**What is needed**
From the entries below, retype only the lines from the one with "Provide a succinct answer. -6.38." through the one with "Tuvalu in 1990 and that in 2012?", exactly as written.

──────── Information given ────────

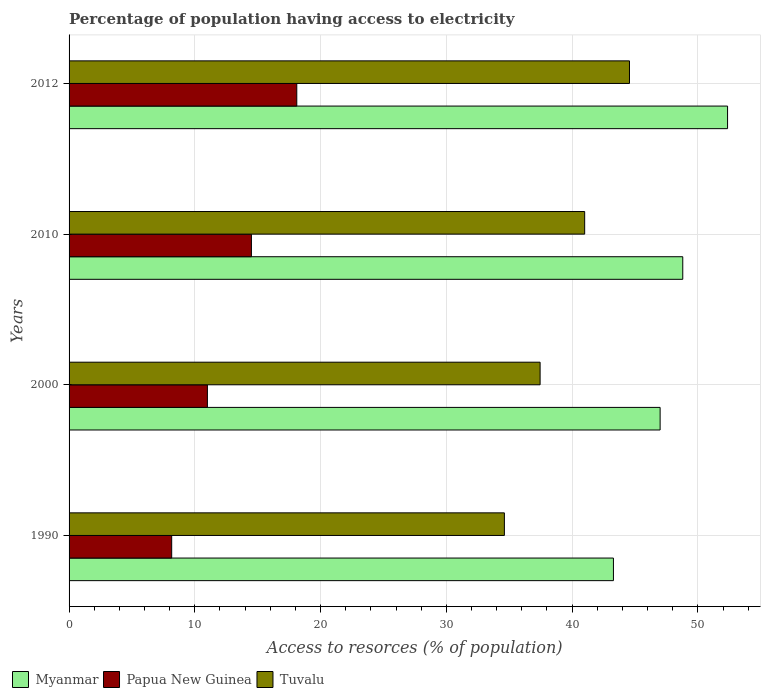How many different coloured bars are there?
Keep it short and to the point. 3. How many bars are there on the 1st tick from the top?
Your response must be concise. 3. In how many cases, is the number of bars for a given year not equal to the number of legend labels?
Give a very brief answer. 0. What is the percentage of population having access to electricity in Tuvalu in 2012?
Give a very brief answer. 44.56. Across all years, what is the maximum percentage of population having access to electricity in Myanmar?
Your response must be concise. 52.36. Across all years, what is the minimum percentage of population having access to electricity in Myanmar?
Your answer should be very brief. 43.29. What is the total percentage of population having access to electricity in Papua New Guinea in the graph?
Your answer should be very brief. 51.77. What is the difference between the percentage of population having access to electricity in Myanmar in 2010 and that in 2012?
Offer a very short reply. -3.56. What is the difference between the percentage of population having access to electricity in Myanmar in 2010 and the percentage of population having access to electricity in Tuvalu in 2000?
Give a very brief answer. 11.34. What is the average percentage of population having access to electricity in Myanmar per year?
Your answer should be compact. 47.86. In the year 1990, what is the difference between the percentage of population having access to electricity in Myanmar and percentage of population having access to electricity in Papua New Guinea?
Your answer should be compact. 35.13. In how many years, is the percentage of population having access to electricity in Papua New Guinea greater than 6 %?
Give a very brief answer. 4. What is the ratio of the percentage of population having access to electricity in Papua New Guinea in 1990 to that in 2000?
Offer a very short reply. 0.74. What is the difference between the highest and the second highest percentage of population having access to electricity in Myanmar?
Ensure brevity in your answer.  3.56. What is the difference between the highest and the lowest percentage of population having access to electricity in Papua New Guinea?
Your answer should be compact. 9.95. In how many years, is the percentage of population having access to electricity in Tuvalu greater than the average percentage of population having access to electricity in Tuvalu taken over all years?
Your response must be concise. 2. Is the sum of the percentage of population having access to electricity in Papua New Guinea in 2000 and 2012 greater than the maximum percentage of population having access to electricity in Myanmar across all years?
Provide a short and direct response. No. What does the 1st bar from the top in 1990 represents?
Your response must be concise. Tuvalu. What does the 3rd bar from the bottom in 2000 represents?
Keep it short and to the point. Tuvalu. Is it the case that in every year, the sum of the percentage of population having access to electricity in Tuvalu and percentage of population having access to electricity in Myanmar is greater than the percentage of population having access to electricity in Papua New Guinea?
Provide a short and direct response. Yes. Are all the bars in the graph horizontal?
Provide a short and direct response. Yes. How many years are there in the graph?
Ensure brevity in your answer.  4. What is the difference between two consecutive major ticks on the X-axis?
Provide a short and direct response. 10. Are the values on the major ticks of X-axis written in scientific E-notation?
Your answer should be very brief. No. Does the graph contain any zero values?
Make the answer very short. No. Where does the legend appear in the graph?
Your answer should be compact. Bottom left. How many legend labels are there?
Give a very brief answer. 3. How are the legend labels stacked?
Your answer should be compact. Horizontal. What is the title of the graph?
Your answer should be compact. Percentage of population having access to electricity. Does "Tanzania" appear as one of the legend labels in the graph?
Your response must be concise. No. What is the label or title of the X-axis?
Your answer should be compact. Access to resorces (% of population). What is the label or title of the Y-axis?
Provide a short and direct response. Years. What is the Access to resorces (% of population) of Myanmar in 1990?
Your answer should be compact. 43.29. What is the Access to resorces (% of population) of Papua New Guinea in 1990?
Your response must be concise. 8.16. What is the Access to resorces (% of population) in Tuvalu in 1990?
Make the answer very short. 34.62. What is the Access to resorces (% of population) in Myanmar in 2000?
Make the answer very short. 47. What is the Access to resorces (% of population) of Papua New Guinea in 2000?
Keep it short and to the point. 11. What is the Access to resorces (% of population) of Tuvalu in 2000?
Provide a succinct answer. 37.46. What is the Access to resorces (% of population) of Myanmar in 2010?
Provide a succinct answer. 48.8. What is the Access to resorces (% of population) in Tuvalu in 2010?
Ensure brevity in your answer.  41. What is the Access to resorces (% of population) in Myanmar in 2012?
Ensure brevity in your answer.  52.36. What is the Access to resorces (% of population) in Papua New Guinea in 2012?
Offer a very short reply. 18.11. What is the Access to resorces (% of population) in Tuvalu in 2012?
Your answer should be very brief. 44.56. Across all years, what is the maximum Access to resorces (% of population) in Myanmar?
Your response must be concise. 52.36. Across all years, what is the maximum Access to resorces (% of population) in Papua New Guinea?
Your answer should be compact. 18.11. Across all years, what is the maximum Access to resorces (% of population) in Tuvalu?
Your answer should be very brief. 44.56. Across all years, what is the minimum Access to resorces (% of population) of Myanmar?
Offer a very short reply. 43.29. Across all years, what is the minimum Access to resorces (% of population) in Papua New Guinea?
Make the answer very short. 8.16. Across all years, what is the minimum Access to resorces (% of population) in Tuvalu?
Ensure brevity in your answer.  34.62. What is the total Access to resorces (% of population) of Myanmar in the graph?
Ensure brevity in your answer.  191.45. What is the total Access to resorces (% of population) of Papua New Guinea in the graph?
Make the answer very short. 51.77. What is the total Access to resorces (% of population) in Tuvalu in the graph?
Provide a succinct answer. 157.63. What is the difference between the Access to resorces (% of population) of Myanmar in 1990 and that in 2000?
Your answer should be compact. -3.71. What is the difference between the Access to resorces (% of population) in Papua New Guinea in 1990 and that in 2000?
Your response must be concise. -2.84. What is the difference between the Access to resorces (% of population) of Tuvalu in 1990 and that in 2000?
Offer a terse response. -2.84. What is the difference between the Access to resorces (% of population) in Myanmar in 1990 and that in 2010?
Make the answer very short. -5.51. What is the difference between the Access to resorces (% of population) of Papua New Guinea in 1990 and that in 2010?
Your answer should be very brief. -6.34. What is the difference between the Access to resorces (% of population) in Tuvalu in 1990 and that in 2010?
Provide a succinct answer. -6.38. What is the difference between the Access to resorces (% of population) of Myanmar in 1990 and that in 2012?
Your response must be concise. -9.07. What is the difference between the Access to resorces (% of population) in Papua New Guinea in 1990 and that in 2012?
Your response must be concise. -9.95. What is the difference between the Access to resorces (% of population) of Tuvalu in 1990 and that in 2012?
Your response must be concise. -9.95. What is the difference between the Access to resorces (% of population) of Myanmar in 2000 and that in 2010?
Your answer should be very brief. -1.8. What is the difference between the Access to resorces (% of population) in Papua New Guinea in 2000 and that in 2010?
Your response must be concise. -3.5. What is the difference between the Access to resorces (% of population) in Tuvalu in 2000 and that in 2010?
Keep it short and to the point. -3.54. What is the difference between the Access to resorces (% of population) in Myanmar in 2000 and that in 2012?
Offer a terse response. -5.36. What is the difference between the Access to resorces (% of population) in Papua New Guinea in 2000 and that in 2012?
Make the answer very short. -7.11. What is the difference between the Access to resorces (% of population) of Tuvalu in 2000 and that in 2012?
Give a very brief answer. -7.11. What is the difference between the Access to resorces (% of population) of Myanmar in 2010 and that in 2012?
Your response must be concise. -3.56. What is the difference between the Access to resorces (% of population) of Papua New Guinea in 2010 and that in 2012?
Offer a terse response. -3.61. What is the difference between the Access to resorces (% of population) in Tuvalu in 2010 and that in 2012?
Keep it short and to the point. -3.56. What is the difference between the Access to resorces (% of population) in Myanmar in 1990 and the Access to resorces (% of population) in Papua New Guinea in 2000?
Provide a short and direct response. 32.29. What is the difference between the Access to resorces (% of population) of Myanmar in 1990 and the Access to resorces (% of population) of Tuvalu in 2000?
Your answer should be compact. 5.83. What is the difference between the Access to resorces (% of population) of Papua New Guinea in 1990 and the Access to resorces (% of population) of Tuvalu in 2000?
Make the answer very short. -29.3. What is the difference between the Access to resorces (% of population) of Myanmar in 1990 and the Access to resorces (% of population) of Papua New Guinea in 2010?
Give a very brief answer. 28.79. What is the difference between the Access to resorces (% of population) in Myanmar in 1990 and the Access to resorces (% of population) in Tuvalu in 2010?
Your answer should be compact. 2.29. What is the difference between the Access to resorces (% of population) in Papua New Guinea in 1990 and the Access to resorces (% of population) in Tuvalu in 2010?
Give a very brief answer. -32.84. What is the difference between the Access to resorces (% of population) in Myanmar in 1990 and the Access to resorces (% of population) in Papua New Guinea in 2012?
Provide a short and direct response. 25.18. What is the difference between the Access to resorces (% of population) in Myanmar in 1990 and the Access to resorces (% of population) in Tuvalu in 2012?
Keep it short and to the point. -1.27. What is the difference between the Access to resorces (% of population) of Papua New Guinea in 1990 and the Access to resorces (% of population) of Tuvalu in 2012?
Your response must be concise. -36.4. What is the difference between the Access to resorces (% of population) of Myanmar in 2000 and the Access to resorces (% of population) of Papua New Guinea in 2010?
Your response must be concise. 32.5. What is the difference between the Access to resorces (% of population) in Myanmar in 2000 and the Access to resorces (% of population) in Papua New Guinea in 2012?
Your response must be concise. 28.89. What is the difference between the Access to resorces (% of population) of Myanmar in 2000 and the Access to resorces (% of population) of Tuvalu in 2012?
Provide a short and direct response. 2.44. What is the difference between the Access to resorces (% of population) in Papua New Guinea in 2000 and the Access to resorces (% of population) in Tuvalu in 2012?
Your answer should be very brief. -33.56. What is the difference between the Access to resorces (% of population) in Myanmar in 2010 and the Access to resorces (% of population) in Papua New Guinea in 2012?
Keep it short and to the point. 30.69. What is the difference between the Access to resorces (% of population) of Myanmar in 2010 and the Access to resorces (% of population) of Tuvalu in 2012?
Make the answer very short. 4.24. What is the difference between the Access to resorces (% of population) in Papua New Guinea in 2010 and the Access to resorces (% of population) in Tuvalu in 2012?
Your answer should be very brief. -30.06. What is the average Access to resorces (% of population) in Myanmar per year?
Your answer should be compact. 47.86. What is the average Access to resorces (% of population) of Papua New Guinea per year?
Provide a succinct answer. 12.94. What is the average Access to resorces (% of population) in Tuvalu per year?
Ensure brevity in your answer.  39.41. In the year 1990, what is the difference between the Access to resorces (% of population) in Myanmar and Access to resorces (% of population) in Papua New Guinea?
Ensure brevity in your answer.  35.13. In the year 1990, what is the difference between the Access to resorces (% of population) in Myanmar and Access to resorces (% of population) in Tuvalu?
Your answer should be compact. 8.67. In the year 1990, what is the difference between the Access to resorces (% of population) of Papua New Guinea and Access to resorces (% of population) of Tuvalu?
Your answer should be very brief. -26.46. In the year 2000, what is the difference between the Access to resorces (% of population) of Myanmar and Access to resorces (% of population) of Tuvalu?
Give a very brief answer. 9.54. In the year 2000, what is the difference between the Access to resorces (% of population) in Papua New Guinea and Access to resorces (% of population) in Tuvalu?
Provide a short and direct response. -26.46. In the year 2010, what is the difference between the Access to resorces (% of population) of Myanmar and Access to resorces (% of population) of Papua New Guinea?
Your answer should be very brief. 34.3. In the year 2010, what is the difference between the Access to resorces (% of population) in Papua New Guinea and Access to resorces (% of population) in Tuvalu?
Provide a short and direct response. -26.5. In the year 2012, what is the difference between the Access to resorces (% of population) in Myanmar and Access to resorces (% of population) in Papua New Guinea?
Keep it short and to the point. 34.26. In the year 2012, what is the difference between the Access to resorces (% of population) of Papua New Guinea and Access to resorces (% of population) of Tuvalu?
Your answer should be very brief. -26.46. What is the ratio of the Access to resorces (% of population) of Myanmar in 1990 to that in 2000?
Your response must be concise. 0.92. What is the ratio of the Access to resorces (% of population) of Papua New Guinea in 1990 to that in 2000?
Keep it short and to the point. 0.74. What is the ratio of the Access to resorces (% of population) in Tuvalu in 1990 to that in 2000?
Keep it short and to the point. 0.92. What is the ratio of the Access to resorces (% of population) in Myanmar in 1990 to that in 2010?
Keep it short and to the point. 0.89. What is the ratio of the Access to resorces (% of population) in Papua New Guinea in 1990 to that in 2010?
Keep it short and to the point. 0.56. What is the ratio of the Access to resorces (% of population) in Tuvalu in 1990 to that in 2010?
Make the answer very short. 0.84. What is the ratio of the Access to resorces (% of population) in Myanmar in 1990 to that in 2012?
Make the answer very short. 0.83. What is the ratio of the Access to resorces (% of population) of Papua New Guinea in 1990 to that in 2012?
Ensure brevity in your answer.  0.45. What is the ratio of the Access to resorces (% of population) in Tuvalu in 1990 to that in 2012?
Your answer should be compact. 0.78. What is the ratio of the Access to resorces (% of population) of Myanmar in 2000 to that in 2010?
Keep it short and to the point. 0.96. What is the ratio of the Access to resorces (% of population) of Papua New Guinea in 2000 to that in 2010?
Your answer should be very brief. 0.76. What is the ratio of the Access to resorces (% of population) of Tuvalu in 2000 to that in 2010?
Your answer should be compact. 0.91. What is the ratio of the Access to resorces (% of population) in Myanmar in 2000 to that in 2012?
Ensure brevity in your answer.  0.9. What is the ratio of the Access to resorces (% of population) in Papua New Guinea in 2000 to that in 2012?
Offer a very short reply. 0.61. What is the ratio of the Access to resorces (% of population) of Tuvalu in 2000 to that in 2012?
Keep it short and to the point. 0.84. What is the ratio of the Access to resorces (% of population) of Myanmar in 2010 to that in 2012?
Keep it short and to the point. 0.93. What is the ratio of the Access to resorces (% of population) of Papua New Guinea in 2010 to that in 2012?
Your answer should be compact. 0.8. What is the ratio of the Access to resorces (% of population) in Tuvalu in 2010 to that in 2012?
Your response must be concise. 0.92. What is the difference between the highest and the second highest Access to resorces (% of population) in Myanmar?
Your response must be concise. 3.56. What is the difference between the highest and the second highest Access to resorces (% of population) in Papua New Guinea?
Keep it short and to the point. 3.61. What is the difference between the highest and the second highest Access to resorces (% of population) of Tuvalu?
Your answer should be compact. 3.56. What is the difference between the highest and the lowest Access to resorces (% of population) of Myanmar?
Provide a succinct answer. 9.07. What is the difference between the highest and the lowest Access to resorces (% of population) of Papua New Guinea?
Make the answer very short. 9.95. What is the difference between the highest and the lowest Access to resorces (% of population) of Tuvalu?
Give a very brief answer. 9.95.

────────

**Task solution**
Provide a succinct answer. -6.38. What is the difference between the Access to resorces (% of population) of Myanmar in 1990 and that in 2012?
Your response must be concise. -9.07. What is the difference between the Access to resorces (% of population) in Papua New Guinea in 1990 and that in 2012?
Your response must be concise. -9.95. What is the difference between the Access to resorces (% of population) of Tuvalu in 1990 and that in 2012?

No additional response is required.